(WORK INSTRUCTION) Check each line of the data below for the string "values", then report how many lines have it and nothing else.

(INPUT DATA)
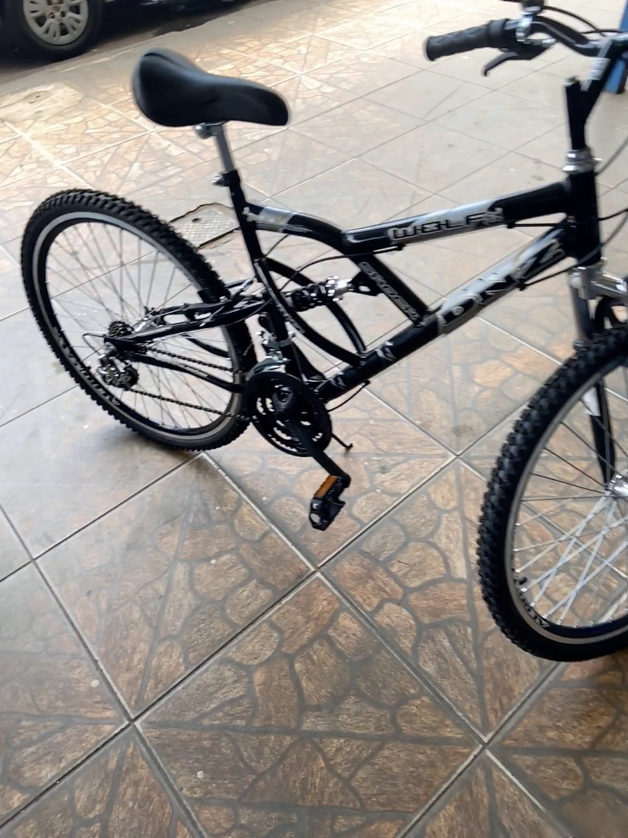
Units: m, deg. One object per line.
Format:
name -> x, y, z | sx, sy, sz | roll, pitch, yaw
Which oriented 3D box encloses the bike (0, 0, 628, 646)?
bike -> 0.024, -0.308, 1.144 | 1.585, 1.154, 0.606 | 10, 50, 17
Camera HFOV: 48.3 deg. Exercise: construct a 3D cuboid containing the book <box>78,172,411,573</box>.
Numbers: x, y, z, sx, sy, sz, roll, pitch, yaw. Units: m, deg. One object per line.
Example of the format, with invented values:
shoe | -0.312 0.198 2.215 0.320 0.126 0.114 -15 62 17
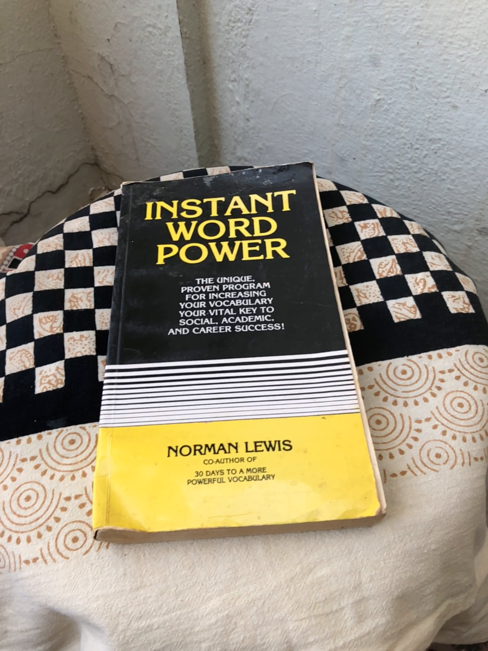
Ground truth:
book | -0.009 0.000 0.376 0.160 0.040 0.301 -4 48 -1
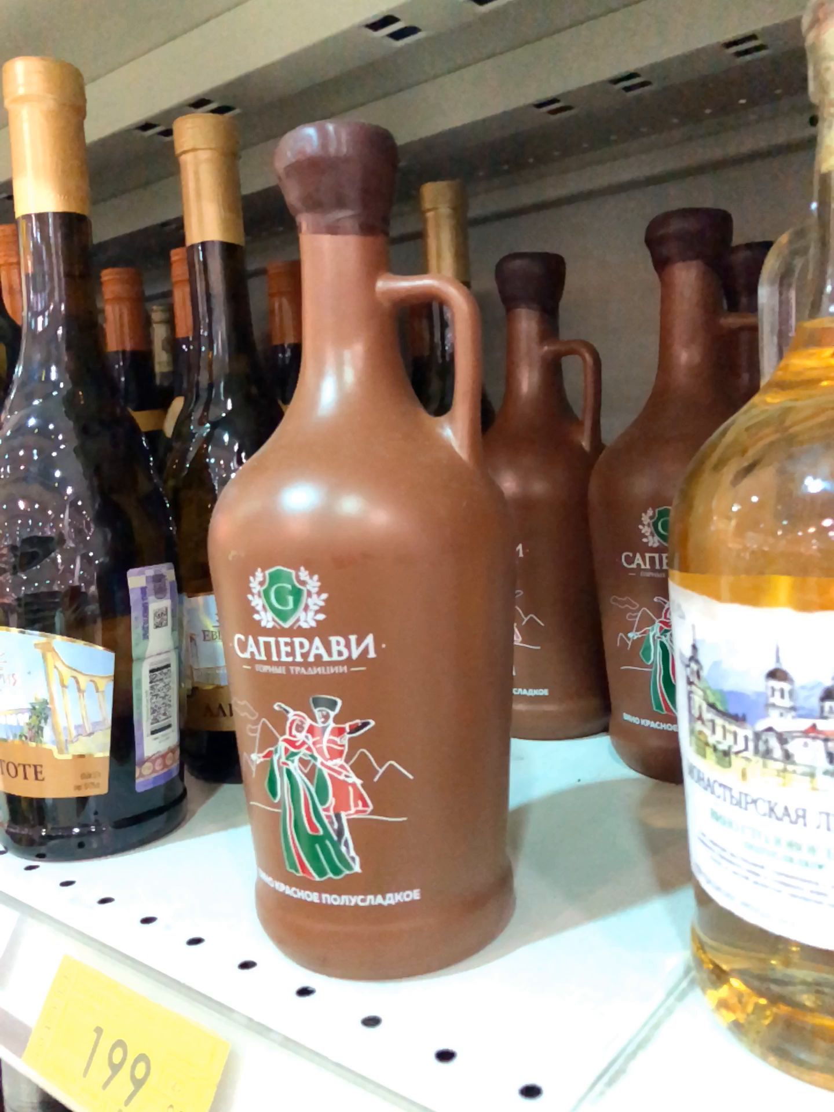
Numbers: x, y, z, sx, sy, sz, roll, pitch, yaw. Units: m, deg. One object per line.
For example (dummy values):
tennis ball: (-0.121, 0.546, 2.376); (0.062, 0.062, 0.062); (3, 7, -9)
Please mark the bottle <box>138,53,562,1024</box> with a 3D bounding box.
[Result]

(EXERCISE ANSWER) 2